YOUR INSTRUCTIONS — Please output all the entries word for word, without the pictures.

THE DATA —

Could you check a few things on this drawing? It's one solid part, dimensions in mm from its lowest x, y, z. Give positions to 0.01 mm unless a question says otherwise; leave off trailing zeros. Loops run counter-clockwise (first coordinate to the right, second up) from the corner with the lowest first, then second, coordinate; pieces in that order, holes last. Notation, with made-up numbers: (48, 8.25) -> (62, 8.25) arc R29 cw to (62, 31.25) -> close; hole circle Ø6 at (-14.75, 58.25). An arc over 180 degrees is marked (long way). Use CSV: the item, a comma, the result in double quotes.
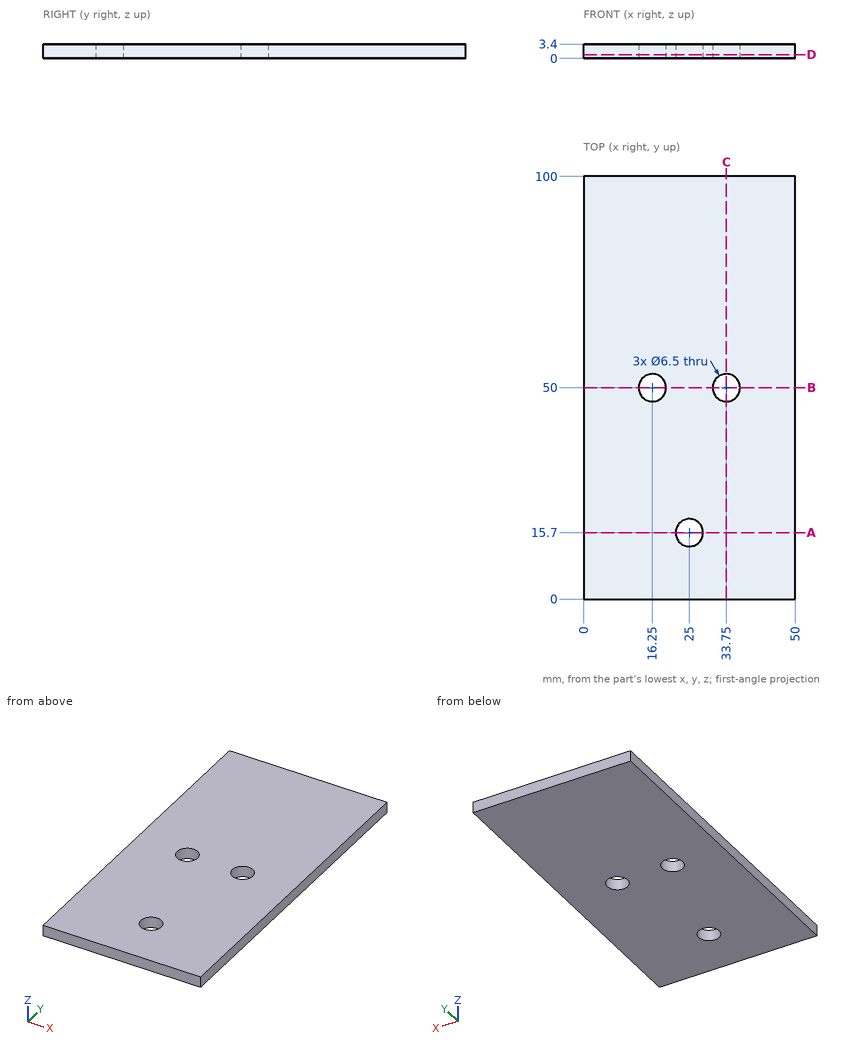
(1) If we section it at C-C, the plane x = 33.75: Write out the boundary of the cut face in (y, z).
Answer sheet:
outline,"(0, 0) -> (46.75, 0) -> (46.75, 3.4) -> (0, 3.4) -> close; (53.25, 0) -> (100, 0) -> (100, 3.4) -> (53.25, 3.4) -> close"
(2) If we section it at D-D, the plane z = 0.9: Write out the boundary of the cut face in (x, y).
Answer sheet:
outline,"(0, 0) -> (50, 0) -> (50, 100) -> (0, 100) -> close; hole circle Ø6.5 at (16.25, 50); hole circle Ø6.5 at (25, 15.7); hole circle Ø6.5 at (33.75, 50)"
(3) If I drill on L1, parallel to Y at x = 25, z = 1.6; L2, parallel to Y at x = 33.75, z = 1.55, over which ranges is the centre line in solid material (lowest first)? Write a range as from..to.
Answer sheet:
L1,"y = 0..12.45, 18.95..100"
L2,"y = 0..46.75, 53.25..100"
(4) If we section it at A-A, the plane y = 15.7: Write out the boundary of the cut face in (x, z).
Answer sheet:
outline,"(0, 0) -> (21.75, 0) -> (21.75, 3.4) -> (0, 3.4) -> close; (28.25, 0) -> (50, 0) -> (50, 3.4) -> (28.25, 3.4) -> close"
(5) If we section it at B-B, the plane y = 50: Write out the boundary of the cut face in (x, z).
Answer sheet:
outline,"(0, 0) -> (13, 0) -> (13, 3.4) -> (0, 3.4) -> close; (19.5, 0) -> (30.5, 0) -> (30.5, 3.4) -> (19.5, 3.4) -> close; (37, 0) -> (50, 0) -> (50, 3.4) -> (37, 3.4) -> close"

SOLUTION —
Could you check a few things on this drawing? It's one solid part, dimensions in mm from its lowest x, y, z. Give positions to 0.01 mm unless a question says otherwise; leave off trailing zeros. Loops run counter-clockwise (first coordinate to the right, second up) from the corner with the lowest first, then second, coordinate; pieces in that order, holes last. Notation, with made-up numbers: (48, 8.25) -> (62, 8.25) arc R29 cw to (62, 31.25) -> close; hole circle Ø6 at (-14.75, 58.25). An arc over 180 degrees is marked (long way). Use CSV: the item, a comma, the result in double quotes.
(1) If we section it at C-C, the plane x = 33.75: Write out the boundary of the cut face in (y, z).
Answer sheet:
outline,"(0, 0) -> (46.75, 0) -> (46.75, 3.4) -> (0, 3.4) -> close; (53.25, 0) -> (100, 0) -> (100, 3.4) -> (53.25, 3.4) -> close"
(2) If we section it at D-D, the plane z = 0.9: Write out the boundary of the cut face in (x, y).
Answer sheet:
outline,"(0, 0) -> (50, 0) -> (50, 100) -> (0, 100) -> close; hole circle Ø6.5 at (16.25, 50); hole circle Ø6.5 at (25, 15.7); hole circle Ø6.5 at (33.75, 50)"
(3) If I drill on L1, parallel to Y at x = 25, z = 1.6; L2, parallel to Y at x = 33.75, z = 1.55, over which ranges is the centre line in solid material (lowest first)? Write a range as from..to.
Answer sheet:
L1,"y = 0..12.45, 18.95..100"
L2,"y = 0..46.75, 53.25..100"
(4) If we section it at A-A, the plane y = 15.7: Write out the boundary of the cut face in (x, z).
Answer sheet:
outline,"(0, 0) -> (21.75, 0) -> (21.75, 3.4) -> (0, 3.4) -> close; (28.25, 0) -> (50, 0) -> (50, 3.4) -> (28.25, 3.4) -> close"
(5) If we section it at B-B, the plane y = 50: Write out the boundary of the cut face in (x, z).
Answer sheet:
outline,"(0, 0) -> (13, 0) -> (13, 3.4) -> (0, 3.4) -> close; (19.5, 0) -> (30.5, 0) -> (30.5, 3.4) -> (19.5, 3.4) -> close; (37, 0) -> (50, 0) -> (50, 3.4) -> (37, 3.4) -> close"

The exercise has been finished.